Sergeant Ralph leaps on the dog grapevine the second I call his name. “Hey Buddy, you got a sec?” I see his handsome German Shepherd face staring at a monitor like a working dog who went to MIT along with his human brainiacs. His ears come forward the second he hears my voice. I never thought I would be calling him for a complicated favor involving a beagle and a bloodhound, both sniffer dogs who should be valued instead of being regarded as a family liability.

“Hey, boy, sup?” Ralph slings his words around like he grew up in the hood instead of a high-end kennel where they cater to the needs of hand-picked pups with a gift for cleaning up the mess of humans who don’t know any better than to take a hike in the woods without a compass, pack drugs in their suitcase and tell the authorities it’s a present for their sick grammas, and other walking biped disasters about to find themselves in a predicament not far from stupidity.

“Workin’ a case right now ya wouldn’t believe. Man done and got himself stuck in the city sewage tunnel.  No end of morons, Bernard, here on the city streets.
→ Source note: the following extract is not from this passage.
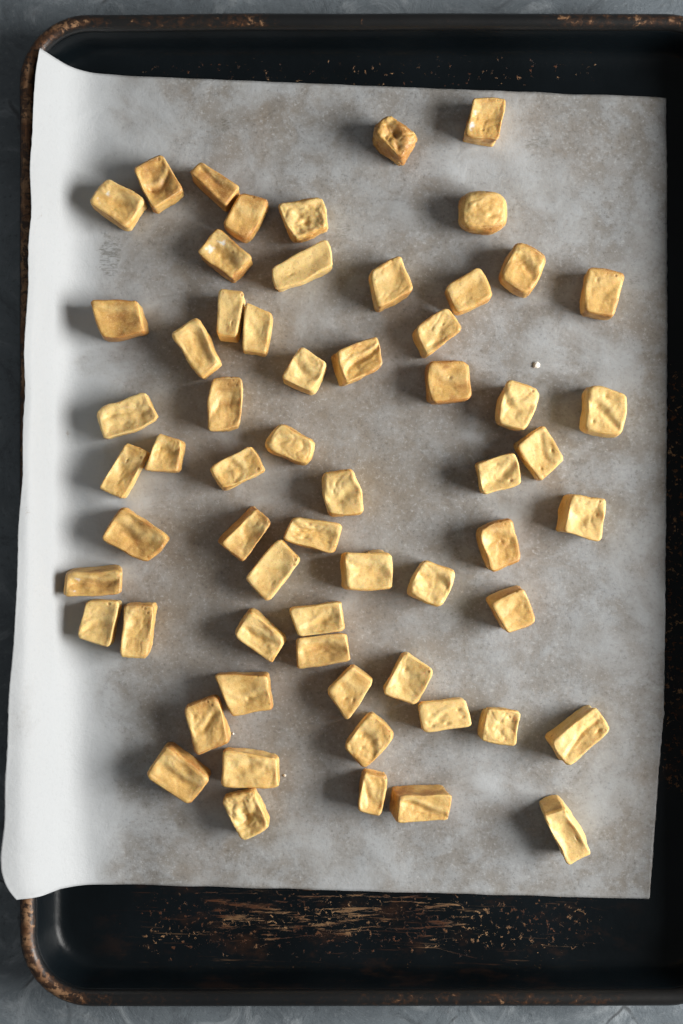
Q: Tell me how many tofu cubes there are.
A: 62
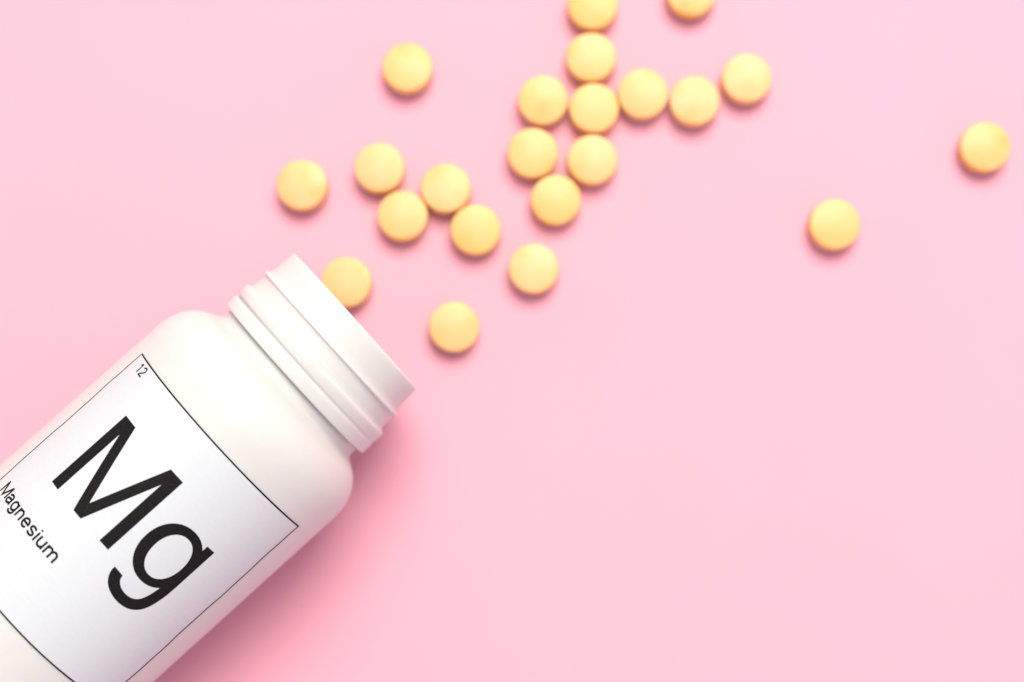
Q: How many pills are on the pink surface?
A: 22

Retirement’s comin’ up soon, boy. I be milkin’ that gravy train. You got some troubles?”

I plow through Ralph’s colorful use of metaphors and get the drift of what he’s saying about humans, but Ralph sees the worst of the worst while I live in the tree lush suburbs and spend most of my time on the dog grapevine. I go on to explain the predicament both Charlie and Otto are in due to no fault of their own. He gets excited over the possibility of using a bloodhound to find the lost soul of a beagle. “Logistics as I see it is our major problem, Ralph.”

“Where’s Otto hangin’ now?”

“Greenwich, Connecticut near a horse farm.” I feel hopeless for a second until I see Ralph hook into the Greenwich surveillance cameras.

“Got me some sophisticated equipment. Can find most anything from an ariel view if I got an eye on the proximity.” Ralph peers over his nose at the monitor watching the small town move across the screen. “Otto a big old bloodhound tied to a fence post lookin’ sadder than a snake at the bottom of a well? Yeah, I even see me some horses. Man, that one hillbilly dog. Worth a pretty penny if his nose in fine shape.” He leans back against his chair studying the street numbers. “10S. 425 Ducksbury Lane.”

“That real slick Ralph, but I’m afraid Charlie goin’ be a whole other problem. Don’t know his whereabouts.”

“Where the humans git him?”

“Kill shelter in Harlan County. Don’t see how you can find ‘im though.”

“No worries, boy, I got me some fine shit thought recognition software. This  mo’ was designed  for our Elite Canine Unit. We was trained to use this stuff since itty pups. Showin’ Harlan Dog Shelter. Charlie you say, beagle, about what date he left there?”

“Within this past year. He’s been on the grapevine for about three months tellin’ me how hard done by he is. Twerp living in the house shut him in the dryer and turned it on high. The Jamaican cook Charlie calls his Auntie keeps saving him and last I heard she wants to take Charlie home with her where he can live in peace.”

“Oh man, them twerps the worst. Junior versions of their ol’ mans who rape the land and don’t have no respect foh anyone not born rich even if their ancestors had to steal the family money from the poh people. All I got here is a woman pickin’ up a little beagle ‘bout to be put down with Rhode Island license plates. Her name’s Lucy Mann, Providence. Rhode Island. Ain’t very big. You think yer boy Otto up to findin’ Charlie himself or does he need the Boston squad?”

Once we settle on a plan, I tune into Charlie and calm his fears but know he shakes all over from being lost without food and no feel for the path he’s traveling. I let go of my thoughts and mosey out the back door to check the periphery and maybe enjoy the sunshine while feeling fortunate my butt’s sitting pretty in the lap of a good man, metaphorically speaking.